# Nakamichi MB100, owner's manual



## [email protected]'go (Aug 22, 2013)

Hello Guys

I'm looking for the owner's manual for Nakamichi MB100, in PDF (MB 75 is possible, also)
Not the Service Manual because I've got it.


 

 

Thousand thanks


----------



## silence (Dec 20, 2014)

Man, I was looking for that unit for myself!

I don't have the manual, but what are you looking for feature wise? May be able to help.
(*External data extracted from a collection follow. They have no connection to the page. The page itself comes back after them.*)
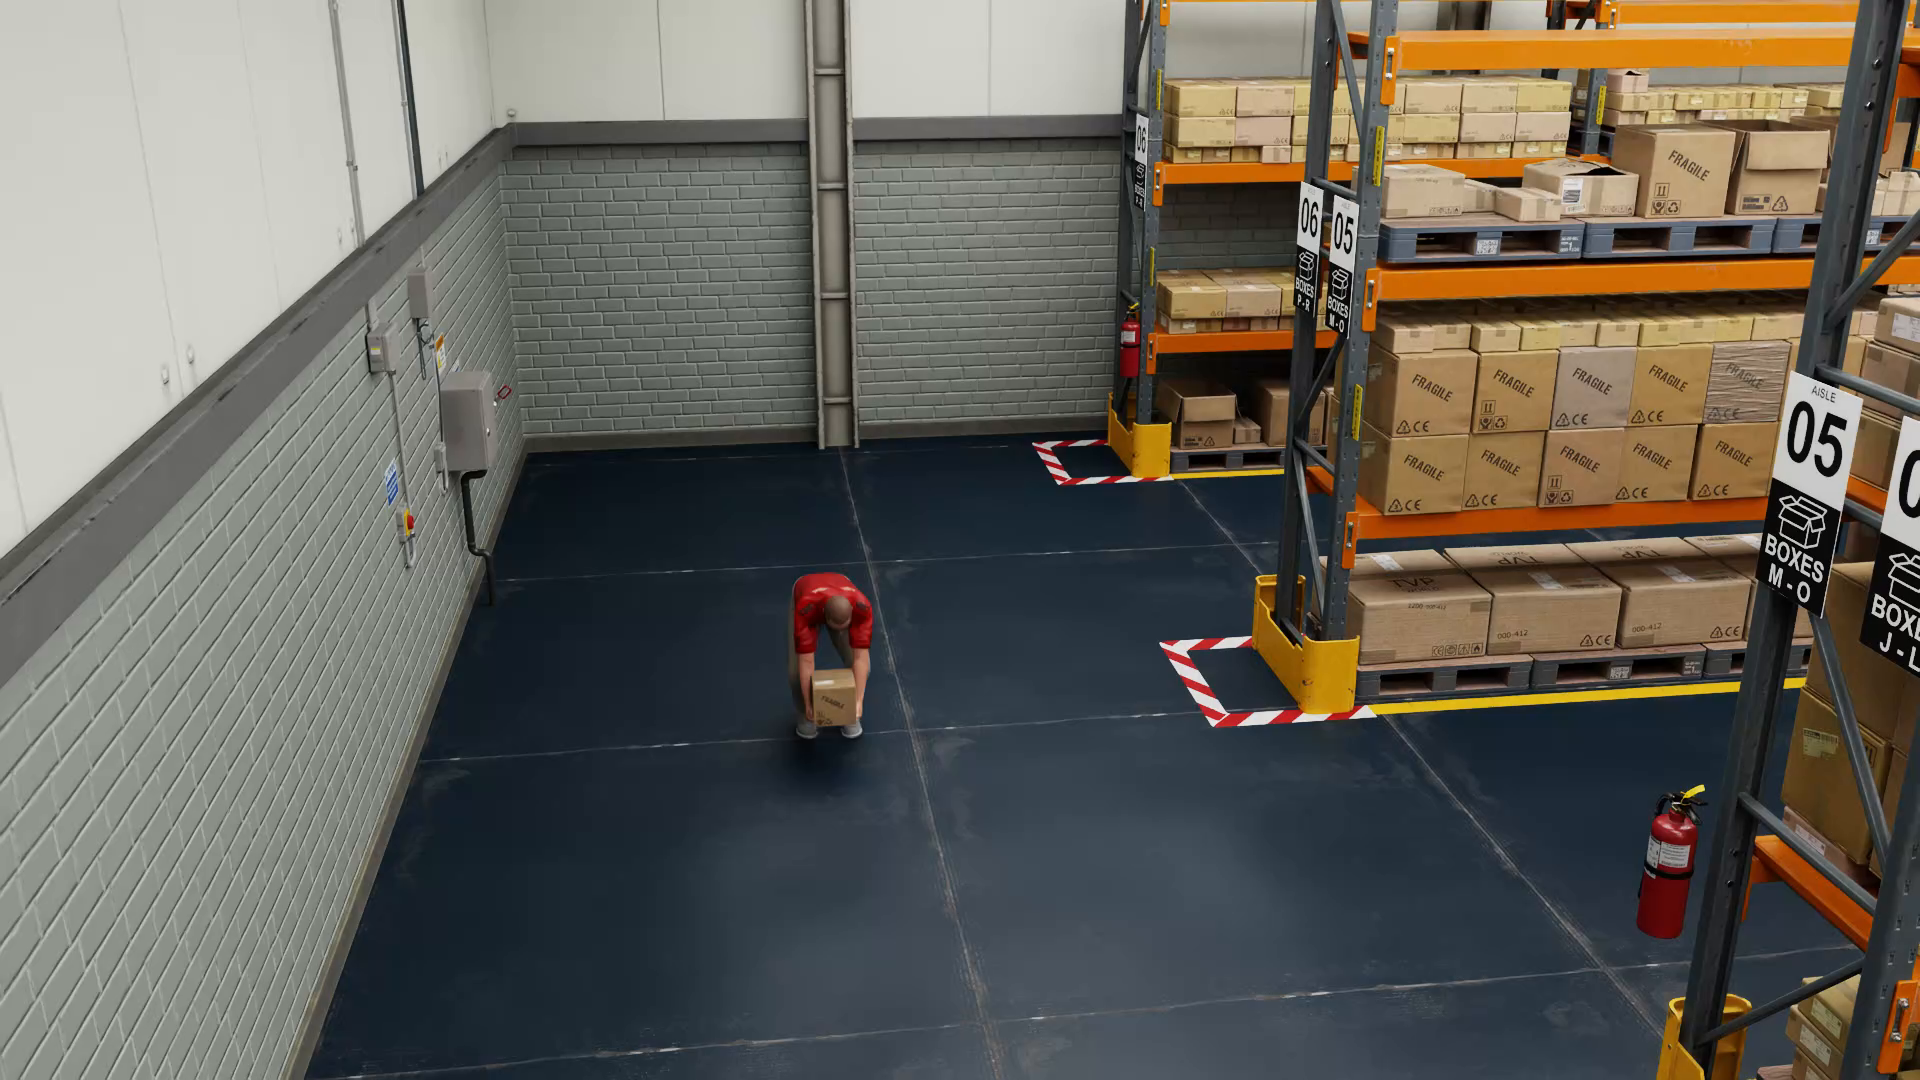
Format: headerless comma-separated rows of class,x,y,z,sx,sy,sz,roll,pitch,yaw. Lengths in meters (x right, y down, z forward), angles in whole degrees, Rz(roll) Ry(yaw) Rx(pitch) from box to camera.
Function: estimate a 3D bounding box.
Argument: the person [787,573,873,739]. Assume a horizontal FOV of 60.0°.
person,-0.789,0.716,10.042,0.511,1.102,0.941,-4,20,-10
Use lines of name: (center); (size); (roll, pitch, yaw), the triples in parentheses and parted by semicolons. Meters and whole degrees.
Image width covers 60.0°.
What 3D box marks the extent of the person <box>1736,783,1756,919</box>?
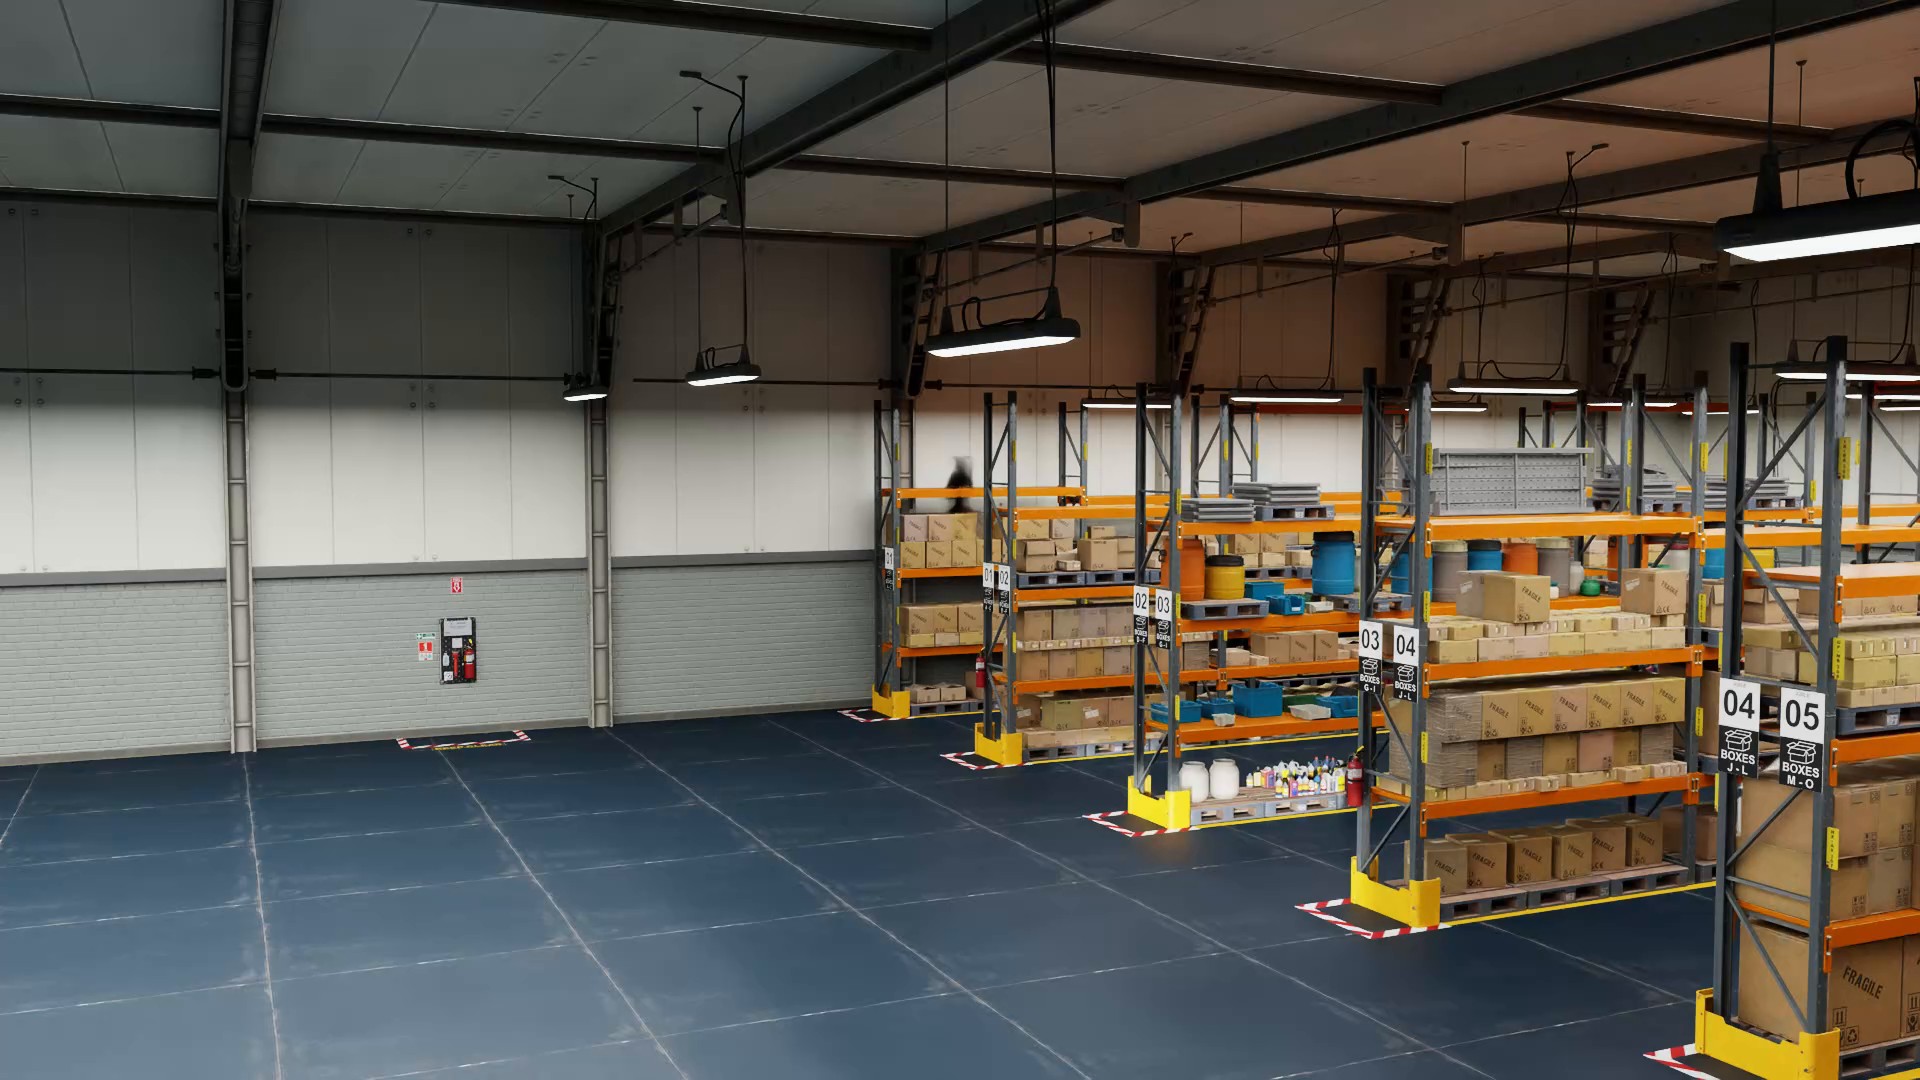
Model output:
person: (8.383, 3.312, 17.452); (0.820, 1.692, 0.685); (-2, 4, -33)

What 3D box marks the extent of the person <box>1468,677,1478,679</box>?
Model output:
person: (8.294, 2.674, 27.673); (0.846, 1.780, 0.685); (-2, 4, -24)

It seems the manuals have disappeared online.


----------



## [email protected]'go (Aug 22, 2013)

Yes no manual on the net!!!!

I write an article about the Vintage Nakamichi MB 100 and MB75 but since link with owner's manual.... I wont post it!!!

Another Old Naka's topic (sorry in french): Nakamichi TD700; si moche, si bon!


----------



## silence (Dec 20, 2014)

I'm sorry!

If it makes you feel any better I'm looking for manuals for most of Eclipse's product line from the last 90s early 2000s with no better luck.


----------



## [email protected]'go (Aug 22, 2013)

No problem

I've got only a little Fujitsu Ten with manual, in my collection
- Sound Monitor CDT 450x (Japan manual) with DTA 500x processor (without notice)
- Eclipse CD8051
- Eclipse CD8445

My scan is out!!!!!!!!!!!!
I'could only take photo!!


----------



## peter a. (Jan 3, 2014)

Hi Chris,
I have a new Nakamichi MB-100. 
A friend has been promising to buy it, but it is still sitting on a closet shelf.
Let me know if you still need the owner’s manual and I will create a PDF for you.
Regards,
Peter


----------



## [email protected]'go (Aug 22, 2013)

Yes Peter, I'm always need it, in PDF, no problem

Thank you

I'll send you my mail in your Private Message box


----------